Directions for this task: Where a line of the data holds the word "degrees", copy that line.

Data listing:
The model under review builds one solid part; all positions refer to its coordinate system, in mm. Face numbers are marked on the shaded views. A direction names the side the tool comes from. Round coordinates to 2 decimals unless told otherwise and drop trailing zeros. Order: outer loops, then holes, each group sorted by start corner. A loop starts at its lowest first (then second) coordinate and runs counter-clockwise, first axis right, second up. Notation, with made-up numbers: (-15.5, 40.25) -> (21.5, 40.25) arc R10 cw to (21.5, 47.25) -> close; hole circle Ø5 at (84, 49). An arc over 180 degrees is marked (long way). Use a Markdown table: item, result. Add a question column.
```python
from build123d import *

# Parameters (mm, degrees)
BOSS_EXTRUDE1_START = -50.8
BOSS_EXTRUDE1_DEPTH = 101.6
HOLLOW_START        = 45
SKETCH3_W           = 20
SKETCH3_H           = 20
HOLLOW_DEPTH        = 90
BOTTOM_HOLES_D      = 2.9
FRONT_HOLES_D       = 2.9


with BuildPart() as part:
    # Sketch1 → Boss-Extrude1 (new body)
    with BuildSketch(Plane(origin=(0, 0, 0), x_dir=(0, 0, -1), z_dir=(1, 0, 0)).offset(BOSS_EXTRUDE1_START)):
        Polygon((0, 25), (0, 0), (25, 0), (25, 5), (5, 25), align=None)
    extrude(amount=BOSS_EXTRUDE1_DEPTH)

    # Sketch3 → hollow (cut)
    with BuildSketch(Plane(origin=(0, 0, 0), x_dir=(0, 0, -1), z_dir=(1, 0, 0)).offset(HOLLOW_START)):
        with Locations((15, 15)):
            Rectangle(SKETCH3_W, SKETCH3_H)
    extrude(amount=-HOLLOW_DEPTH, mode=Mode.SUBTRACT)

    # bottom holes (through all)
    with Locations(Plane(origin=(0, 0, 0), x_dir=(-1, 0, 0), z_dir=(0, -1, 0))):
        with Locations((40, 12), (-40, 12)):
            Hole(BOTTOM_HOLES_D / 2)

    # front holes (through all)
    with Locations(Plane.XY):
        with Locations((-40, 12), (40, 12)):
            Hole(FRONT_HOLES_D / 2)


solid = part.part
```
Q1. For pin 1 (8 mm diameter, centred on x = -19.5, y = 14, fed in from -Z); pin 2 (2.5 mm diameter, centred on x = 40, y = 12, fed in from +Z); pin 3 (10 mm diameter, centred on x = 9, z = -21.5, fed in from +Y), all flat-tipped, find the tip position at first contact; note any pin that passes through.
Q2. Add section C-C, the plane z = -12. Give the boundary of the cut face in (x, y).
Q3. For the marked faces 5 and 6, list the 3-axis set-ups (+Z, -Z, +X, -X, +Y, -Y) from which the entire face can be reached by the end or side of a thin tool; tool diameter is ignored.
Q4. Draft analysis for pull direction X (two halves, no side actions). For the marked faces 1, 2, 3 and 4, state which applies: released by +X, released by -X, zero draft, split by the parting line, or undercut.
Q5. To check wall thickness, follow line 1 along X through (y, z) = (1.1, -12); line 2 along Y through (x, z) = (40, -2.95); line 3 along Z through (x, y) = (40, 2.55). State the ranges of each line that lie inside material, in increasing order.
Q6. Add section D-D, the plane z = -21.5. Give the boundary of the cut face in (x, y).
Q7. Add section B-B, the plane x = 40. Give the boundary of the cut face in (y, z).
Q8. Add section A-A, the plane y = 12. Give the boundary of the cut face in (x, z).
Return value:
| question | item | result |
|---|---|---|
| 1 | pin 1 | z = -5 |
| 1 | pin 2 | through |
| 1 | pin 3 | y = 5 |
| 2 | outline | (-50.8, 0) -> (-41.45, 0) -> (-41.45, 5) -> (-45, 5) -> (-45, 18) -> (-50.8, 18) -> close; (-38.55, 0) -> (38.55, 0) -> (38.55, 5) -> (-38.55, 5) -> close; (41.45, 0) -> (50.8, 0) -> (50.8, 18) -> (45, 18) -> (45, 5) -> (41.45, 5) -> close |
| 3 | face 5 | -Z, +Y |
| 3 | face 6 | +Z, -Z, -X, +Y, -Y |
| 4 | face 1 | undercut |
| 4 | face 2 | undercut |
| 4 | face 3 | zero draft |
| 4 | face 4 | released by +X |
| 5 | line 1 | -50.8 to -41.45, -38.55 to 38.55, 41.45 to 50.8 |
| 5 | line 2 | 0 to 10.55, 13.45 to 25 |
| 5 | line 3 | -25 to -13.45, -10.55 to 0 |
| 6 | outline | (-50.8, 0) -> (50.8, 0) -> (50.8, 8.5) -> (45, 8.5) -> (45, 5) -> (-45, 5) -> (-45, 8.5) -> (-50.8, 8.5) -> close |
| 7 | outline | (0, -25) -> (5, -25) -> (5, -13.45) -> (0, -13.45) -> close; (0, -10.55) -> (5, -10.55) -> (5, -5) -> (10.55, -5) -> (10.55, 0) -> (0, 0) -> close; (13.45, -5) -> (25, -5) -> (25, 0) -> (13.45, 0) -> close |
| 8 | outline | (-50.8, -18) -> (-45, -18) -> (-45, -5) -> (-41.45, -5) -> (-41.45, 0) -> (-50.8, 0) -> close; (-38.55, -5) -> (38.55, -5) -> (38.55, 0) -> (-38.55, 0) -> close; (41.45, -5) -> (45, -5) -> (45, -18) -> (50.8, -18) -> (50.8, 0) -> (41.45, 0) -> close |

Exercise response:
The model under review builds one solid part; all positions refer to its coordinate system, in mm. Face numbers are marked on the shaded views. A direction names the side the tool comes from. Round coordinates to 2 decimals unless told otherwise and drop trailing zeros. Order: outer loops, then holes, each group sorted by start corner. A loop starts at its lowest first (then second) coordinate and runs counter-clockwise, first axis right, second up. Notation, with made-up numbers: (-15.5, 40.25) -> (21.5, 40.25) arc R10 cw to (21.5, 47.25) -> close; hole circle Ø5 at (84, 49). An arc over 180 degrees is marked (long way). Use a Markdown table: item, result. Add a question column.
# Parameters (mm, degrees)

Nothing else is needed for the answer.